Por mais que eu tentasse, havia
falhas no tom da minha voz.
- E eu lá quero saber de alguém,
Júlio? - Era o velho tom arrogante que conhecia. - Quero mais que os outros se
danem. Mas você é diferente, Júlio. Você que escolhi para vivermos juntos,
envelhecermos juntos...
- Nem parece a Elaine que conheço.
- Desculpe a forma como falei
antes, sabe que às vezes ( sempre era a palavra mais certa) falo besteiras
sem pensar. Isso é coisa minha, não consigo mudar, mas eu quero mudar. E quero
mudar com você comigo.
- Acho que é um pouco tarde para
isso. Sua ideia de aborto...
- Olha só, para você ver que só
falo bobagens. Nunca na vida vou abortar um filho nosso. Estou arrependida de
ter falado aquilo para você, principalmente sabendo o quanto quer aumentar
nossa família...
- Não... não vai mais cometer esse
crime?- Senti que fraquejava.
- Larga de ser bobinho. Eu te amo,
volta para casa.
Acreditei nela. Senti-me o homem
mais feliz do mundo. Ela me convencera. E voltei.
Nos primeiros meses de gravidez
Elaine se mostrou uma mulher dócil, atenciosa, amorosa. Para minha felicidade,
acreditei que a gravidez suavizara o temperamento dela.
Mas estava enganado, mais uma vez.
Muito tempo depois, descobri que
ela tentou abortar, bebendo chás, engolindo remédios, mas todas tentativas
foram em vão. Ela continuou carregando no ventre a menina que seria registrada
com o nome de Roberta meses depois.
E descobri que o pedido de volta
era um teatro. Ela queria mesmo era que eu voltasse para infernizar minha vida,
o que conseguiu.
O
ônibus parou na cidade de Matoso do Alto, interior paulista, às dez horas da
manhã. O motorista avisou que tinham vinte minutos para o café. Júlio desceu
com Roberta, com suas duas bagagens de mão, e olhou o pequeno restaurante
vazio, com moscas varejeiras circulando latas de lixo abarrotadas. Ao lado, um
pequeno guichê da empresa estava aberto, com itinerários diversos escritos à
mão em um papel cartolina colado no vidro. Júlio comprou um pacote de biscoitos
de chocolate e dois copos de leite.
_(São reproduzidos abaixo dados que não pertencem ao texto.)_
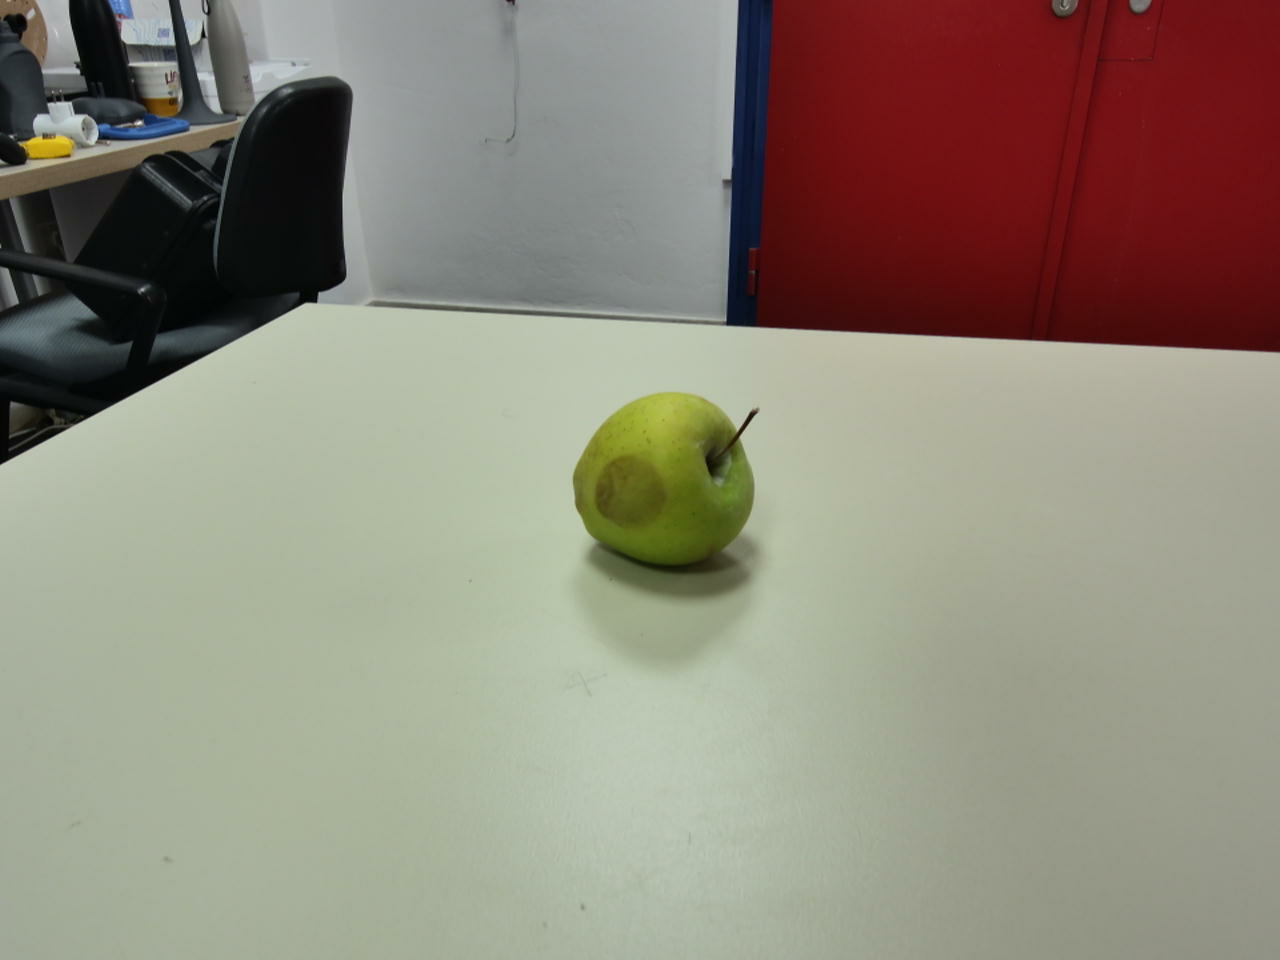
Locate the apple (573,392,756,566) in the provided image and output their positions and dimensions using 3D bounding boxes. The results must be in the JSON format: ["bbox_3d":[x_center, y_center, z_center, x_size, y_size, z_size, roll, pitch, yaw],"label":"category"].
[{"bbox_3d":[0.011,-0.002,0.435,0.072,0.075,0.077,-15,28,-30],"label":"apple"}]

Ele e a menina sentaram-se numa mesa suja.
Enquanto Roberta mastigava um pedaço de biscoito e bebia do copo o leite morno,
Júlio assistiu ao noticiário que passava em uma televisão sobre
um Rack ao lado dos banheiros. O apresentador do Jornal Globo
News dizia nesse momento:
-
Continua a busca pela menor Roberta Menezes, sequestrada pelo próprio pai,
Júlio Menezes. A polícia montou um cerco nas principais estradas do País.
Segundo informações, o criminoso fugiu de ônibus para São Paulo. A polícia não
disse mais nada para não atrapalhar as investigações...
"Criminoso?
Agora sou taxado de um criminoso. Ninguém sabe a verdade."
Na
mesinha ao lado, a vizinha de poltrona com coque na cabeça também assistia a
tevê. Ela virava seus olhinhos miúdos do apresentador do telejornal para ele.
Júlio teve uma premonição ruim que aquela velha sabia de algo mais. Ele pousou
a mão no cabo da pistola que estava sob a camisa de malha. Não ia permitir que
nessa altura alguém fosse atrapalhar seus planos.
Levantou-se,
puxando Roberta consigo. A menina largou seu pacote de biscoitos, que
esparramaram no chão. Ela começou a chorar.
-
Agora não - disse Júlio, nervoso. A senhora de coque abaixou-se para catar os
biscoitos no chão. - Não precisa - ele gritou para ela, - compro outro.
Assustada,
a velha disse:
-
Pobrezinha da menininha. O senhor foi grosso com ela.
-
Não se meta com minha vida nem da minha filha.
Roberta
puxou sua mão e reclamou, em soluços:
-
Papai me machucou...
Júlio
abaixou-se e abraçou Roberta. A senhora de coque voltou para a sua mesa, e
enquanto bebia seu café com leite, olhava pensativa para eles e voltava os
olhos para a tevê.
O
jornal ia acabando, e o apresentador deu a última notícia:
-
A polícia acabou de informar que o sequestrador da menina Roberta foi visto na
última vez na rodoviária de São Paulo comprando passagem para o interior. Mais
notícias nos plantões...
A
senhora de coque engasgou-se com seu leite. Quando virou a cabeça, não os viu
mais. Sumiram.
Desconfiada,
saiu do restaurante e procurou pela pequena parada algum sinal deles. Algo
dentro dela dizia que era o homem procurado. Ela nunca subestimou suas
intuições. Enquanto ela procurava, andando em passos miúdos, um ônibus da
viação Metropolitana virava pela esquina em direção da estrada. Seu destino era
em Itarantimim. A senhora de coque, que se chamava Ivonete, não viu o estranho
com uma criança naquele veículo, que seguia a oitenta por hora pela estrada.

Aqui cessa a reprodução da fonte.